Bartoszewicz Jakub M, Seidel Anja, Renard Bernhard Y
Bioinformatics (MF1), Department of Methodology and Research Infrastructure, Robert Koch Institute, 13353 Berlin, Germany.
NAR Genom Bioinform. 2021 Feb 1;3(1):lqab004. doi: 10.1093/nargab/lqab004. eCollection 2021 Mar.

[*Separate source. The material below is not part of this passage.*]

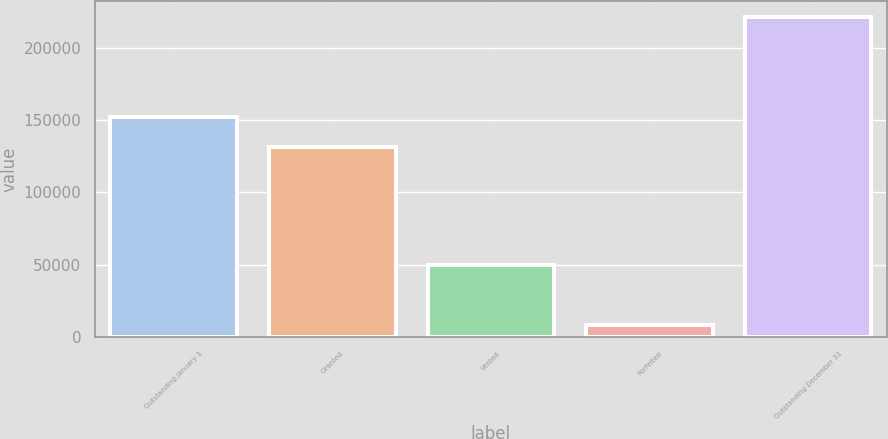Convert chart. <chart><loc_0><loc_0><loc_500><loc_500><bar_chart><fcel>Outstanding January 1<fcel>Granted<fcel>Vested<fcel>Forfeited<fcel>Outstanding December 31<nl><fcel>152461<fcel>131145<fcel>49822<fcel>8102<fcel>221265<nl></chart>

Viruses evolve extremely quickly, so reliable methods for viral host prediction are necessary to safeguard biosecurity and biosafety alike. Novel human-infecting viruses are difficult to detect with standard bioinformatics workflows. Here, we predict whether a virus can infect humans directly from next-generation sequencing reads. We show that deep neural architectures significantly outperform both shallow machine learning and standard, homology-based algorithms, cutting the error rates in half and generalizing to taxonomic units distant from those presented during training. Further, we develop a suite of interpretability tools and show that it can be applied also to other models beyond the host prediction task. We propose a new approach for convolutional filter visualization to disentangle the information content of each nucleotide from its contribution to the final classification decision. Nucleotide-resolution maps of the learned associations between pathogen genomes and the infectious phenotype can be used to detect regions of interest in novel agents, for example, the SARS-CoV-2 coronavirus, unknown before it caused a COVID-19 pandemic in 2020. All methods presented here are implemented as easy-to-install packages not only enabling analysis of NGS datasets without requiring any deep learning skills, but also allowing advanced users to easily train and explain new models for genomics.
病毒进化速度极快,因此可靠的病毒宿主预测方法对于保障生物安全和生物安保都十分必要。新型人类感染病毒很难通过标准的生物信息学工作流程检测出来。在此,我们直接从二代测序读段预测一种病毒是否能感染人类。我们表明,深度神经网络架构显著优于浅层机器学习和基于同源性的标准算法,将错误率降低了一半,并能推广到与训练期间所呈现的分类单元距离较远的分类单元。此外,我们开发了一套可解释性工具,并表明它也可应用于宿主预测任务之外的其他模型。我们提出了一种用于卷积滤波器可视化的新方法,以从每个核苷酸对最终分类决策的贡献中解析出其信息内容。病原体基因组与感染表型之间习得关联的核苷酸分辨率图谱可用于检测新型病原体中的感兴趣区域,例如,2020年导致COVID-19大流行之前未知的严重急性呼吸综合征冠状病毒2(SARS-CoV-2)。本文介绍的所有方法都实现为易于安装的软件包,不仅无需任何深度学习技能就能对二代测序数据集进行分析,还允许高级用户轻松训练和解释新的基因组学模型。